I fought the most with day 21, which presented a 2D grid-based map (with obstacles) and asked you how many tiles you could visit after N steps. Part 2 then blew up the number of steps, and said that the map repeated endlessly in all directions, making it a problem of a bfs on an infinite graph. The key insight was that the specific input lead to a pattern showing up in the number of visited cells if you only looked every SIZE steps, where SIZE was (basically) the size of the map. This makes sense as we are almost looking for the area of a ~square where one side grows linearly (area will grow quadratically with some periodicity). I found this hard, but really fun once I got it.
Day 24
Oh what a lovely present. We got an input of many hail stones with positions and velocities, and were tasked with throwing a rock to collide with them all. It was a cool problem, but also very hard as you ended up with a non-linear equation system, and had to do some smart substitutions to linearize and solve it.
However, me and many others solved it with the Z3 solver, which is originally a theorem prover. You can feed it a bunch of constraints, like our equations, and it will try to find the answer for you (very quickly) with some magic SAT solver algorithm. I had only heard of it before, so it was fun to try it (albeit under time pressure), and I even almost got top 100.
Using Zote
Zote worked out better than I could reasonably have hoped for. It was a bit slow, and I had several days where my runtime was several minutes (both down to brute-forcey implementations, and a slow language), but there were few times it prevented a reasonable solution from being viable.

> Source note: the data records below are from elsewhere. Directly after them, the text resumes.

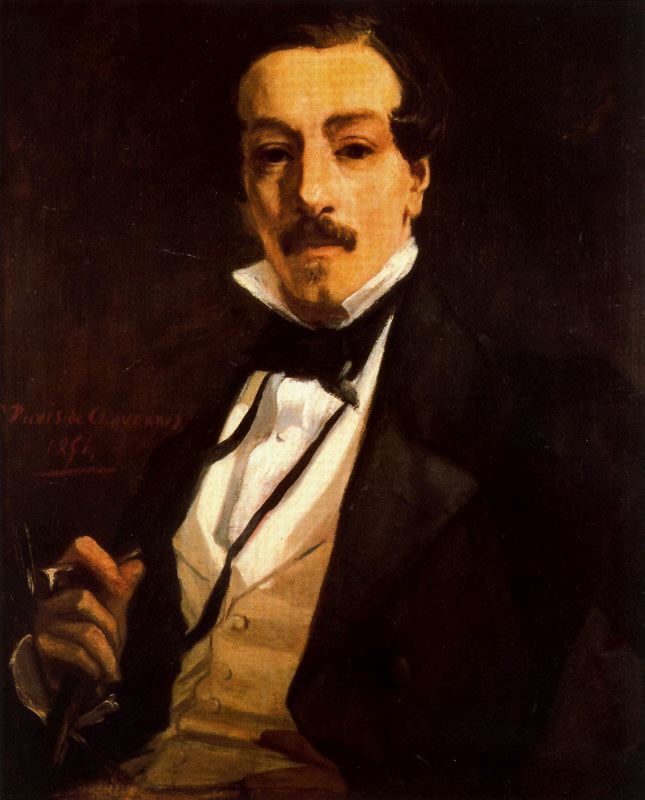What if the subject of the painting were a time traveler from the future? How would you interpret the elements of the portrait in that context? Interpreting the elements of the portrait from the perspective of the subject being a time traveler from the future introduces a fascinating narrative twist. The formal attire could be seen as an attempt to blend into the 19th-century society or as a choice to project a dignified, authoritative image across eras. The pen, traditionally a symbol of writing, might become an artifact of significant technological importance—a tool from the future disguised as an ordinary object. This pen could be capable of recording not just words, but ideas, memories, or even whole experiences, suggesting his role as a chronicler of his time-traveling adventures. The dark background might now symbolize the unknown future he has come from or the myriad timelines he navigates. His solemn expression could indicate the weight of his knowledge and the numerous experiences collected through different eras. Each element, from his attire to his pen, takes on dual meanings, playing a part in a larger story of temporal exploration and historical insight. 
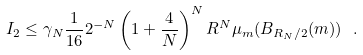Convert formula to latex. <formula><loc_0><loc_0><loc_500><loc_500>I _ { 2 } \leq \gamma _ { N } \frac { 1 } { 1 6 } 2 ^ { - N } \left ( 1 + \frac { 4 } { N } \right ) ^ { N } R ^ { N } \mu _ { m } ( B _ { R _ { N } / 2 } ( m ) ) \ .</formula> 
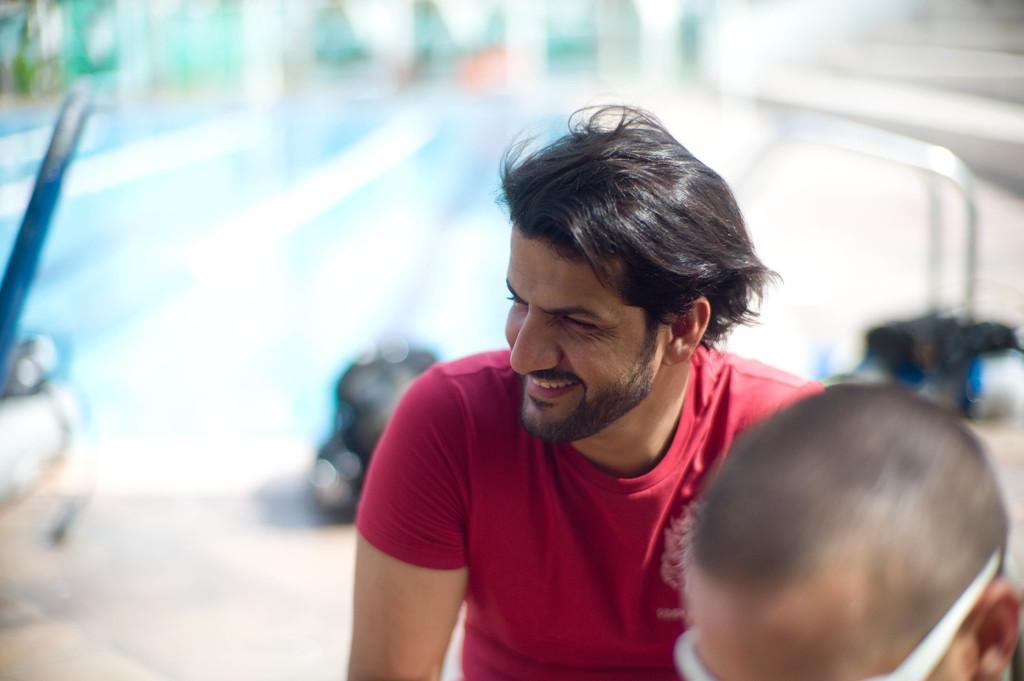Can you describe this image briefly? A man is there, he wore red color t-shirt, he is smiling.

However, it did have some issues. For example, I had to revert back to my old naive implementation for an early day, as my new one did not support sorting with a custom comparator function. I later solved this by defining a lexicographical ordering on lists, which sort of enables a custom sort (if I want to sort by f
, I can just map items to [f(item), item]
and sort those). But this was the only real issue.
Then I had one day where I ran into the recursion and stack limit. This was quite easy to fix on the fly by changing some variables in the Zote code and recompiling it. But it taught me that it would be nice to increase those sizes as cli arguments (after compilation).
One thing which would be nice was a memoize decorator. I knew this would be a nice thing to have, but did just not have time to implement it. One this is that I am unsure of how I want the syntax, as well as how it should be implemented (can/should it be done without an extra call frame?).
Final remarks
This was a great year for me, and I am happy with my results. It also got a nice ending, with me being invited to Episode 564 of the Swedish programming podcast Kodsnack, which was hugely exciting. They also have a lovely channel on Slack where people discussed the problems. These discussions makes it way more fun, and I even convinced quite a few in the office to join the event which was great as well!
For next year, I will make sure to practice a bit more for the earlier days (if I want to compete again). Additionally, I hope I have had time to work a bit more on Zote, making it feel like a partly different language (or just move on to a new one). This was a great time, and I am already looking forward to biking through the sleeping city next December.